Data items

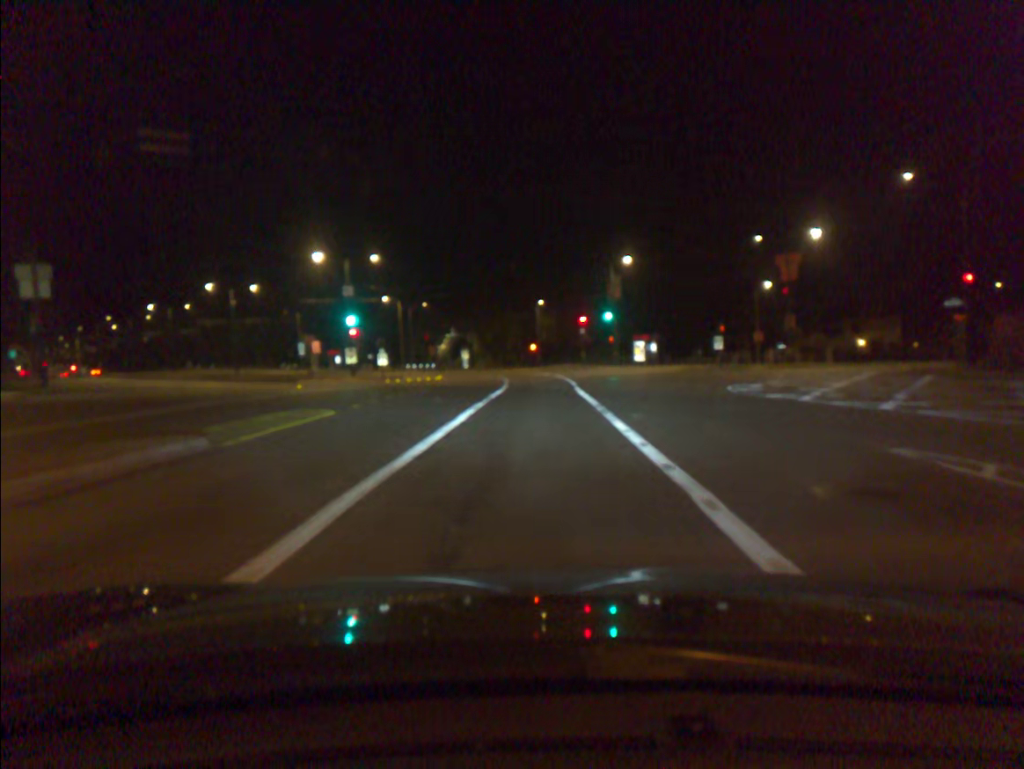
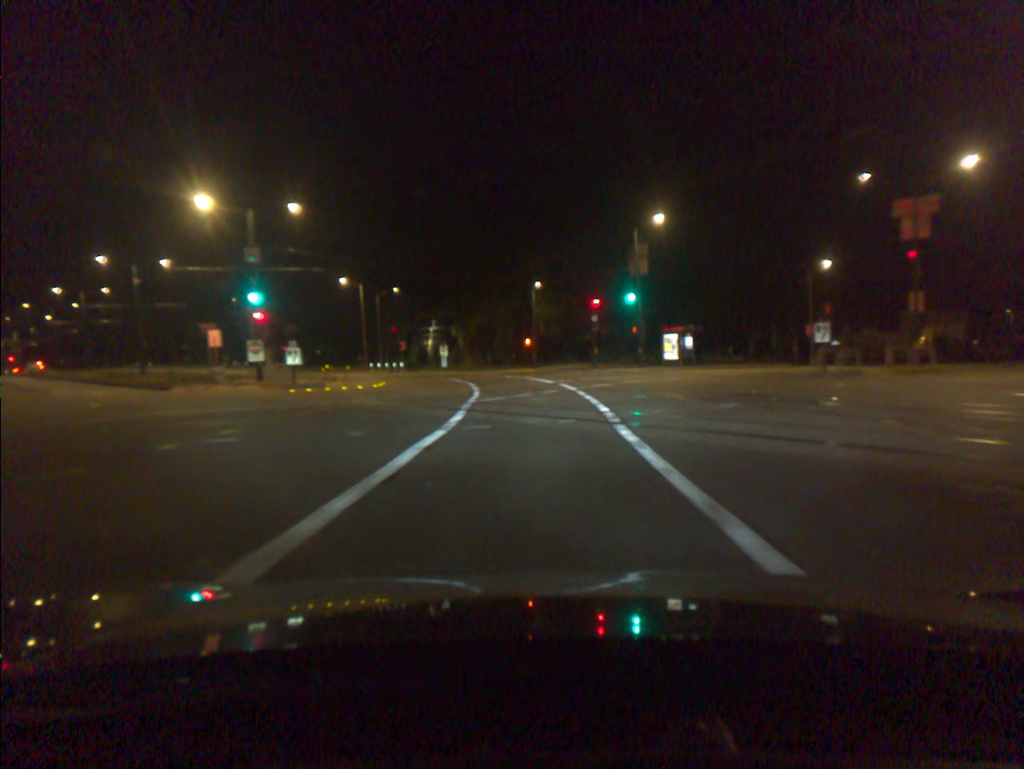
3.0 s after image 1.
(0.0, +18.9) m; 0°
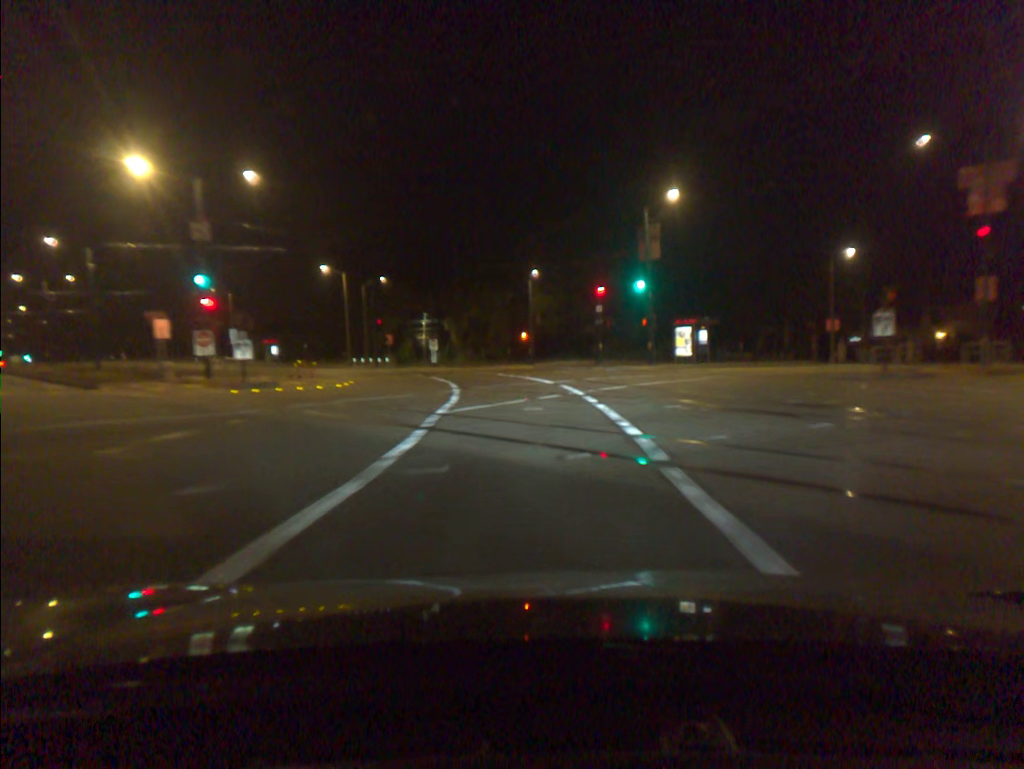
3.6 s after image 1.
(0.0, +5.9) m; 0°
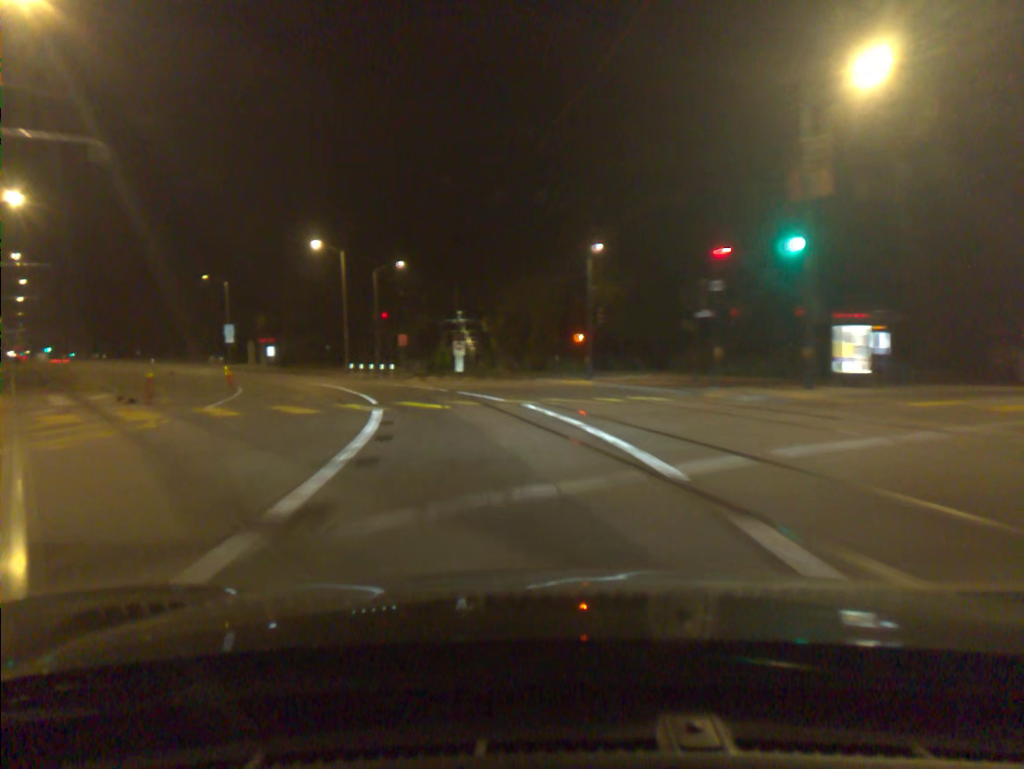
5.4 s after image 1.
(-0.5, +19.7) m; -5°
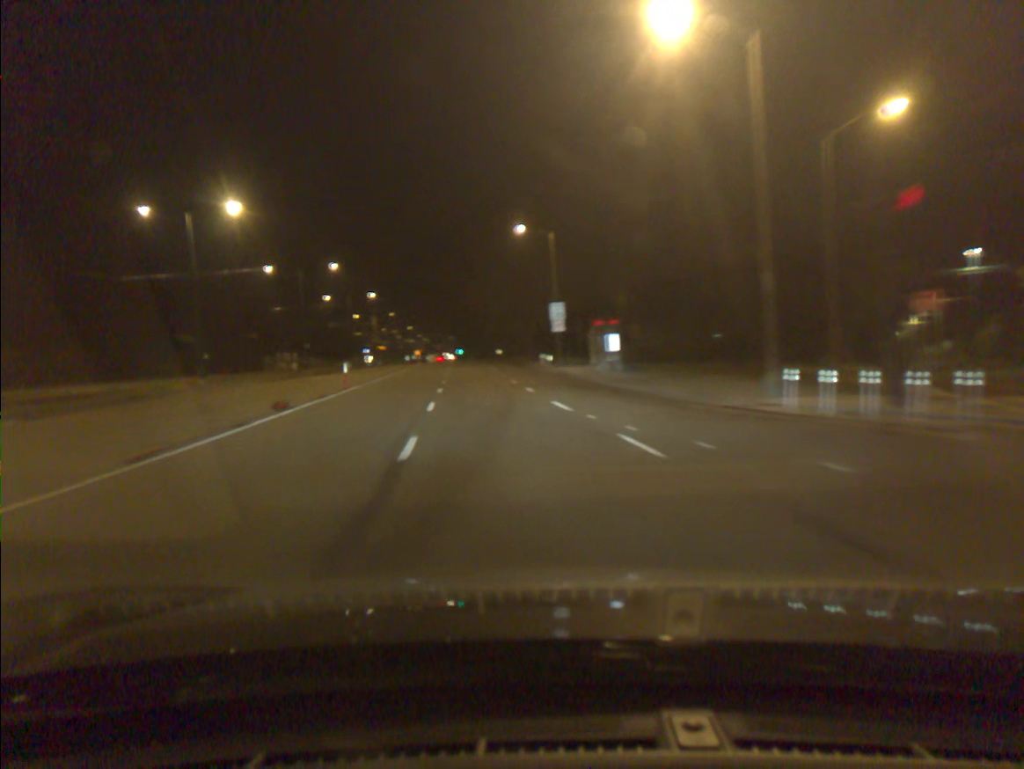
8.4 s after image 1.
(-9.5, +37.5) m; -27°
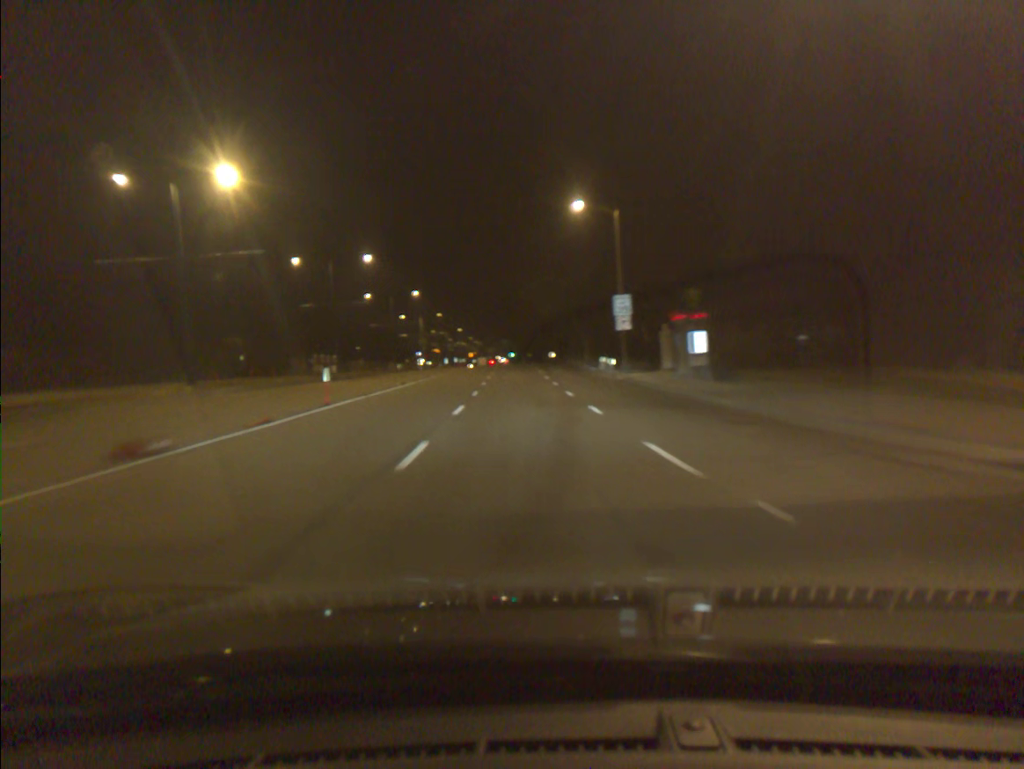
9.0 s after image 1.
(-0.3, +9.0) m; -4°
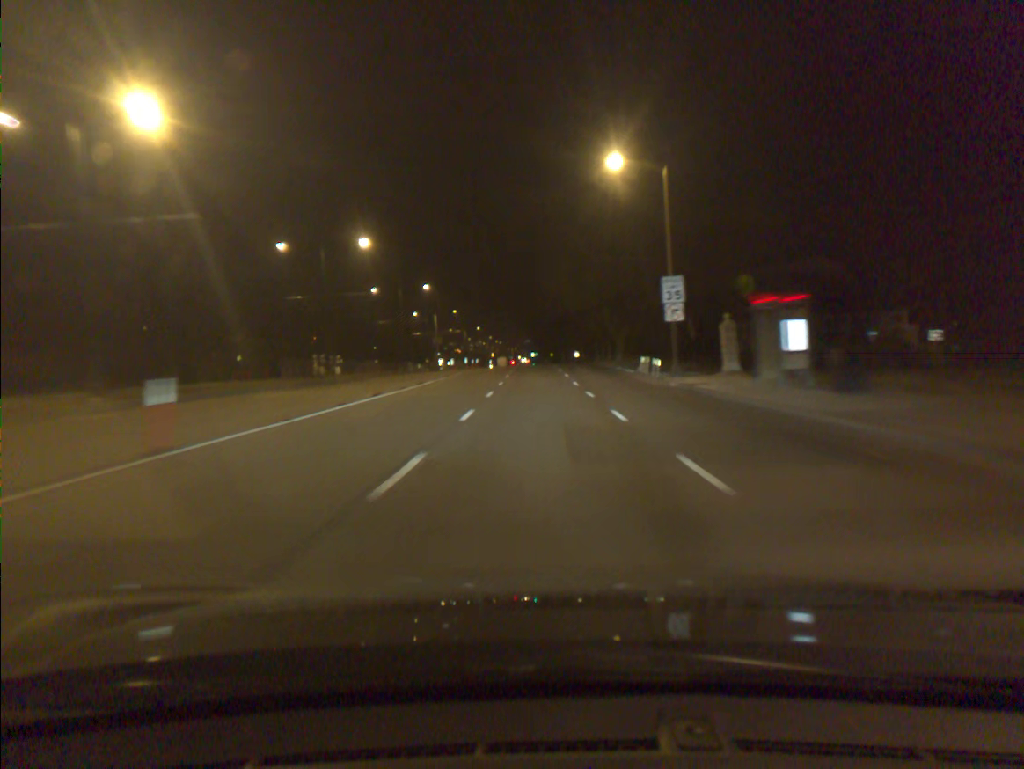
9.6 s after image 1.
(-0.1, +9.4) m; -1°

= TASK OBJECTIVE =
Please write out all the data again word for word, but not the pictures.

= RESPONSE TO THIS TASK =
3.0 s after image 1.
(0.0, +18.9) m; 0°
3.6 s after image 1.
(0.0, +5.9) m; 0°
5.4 s after image 1.
(-0.5, +19.7) m; -5°
8.4 s after image 1.
(-9.5, +37.5) m; -27°
9.0 s after image 1.
(-0.3, +9.0) m; -4°
9.6 s after image 1.
(-0.1, +9.4) m; -1°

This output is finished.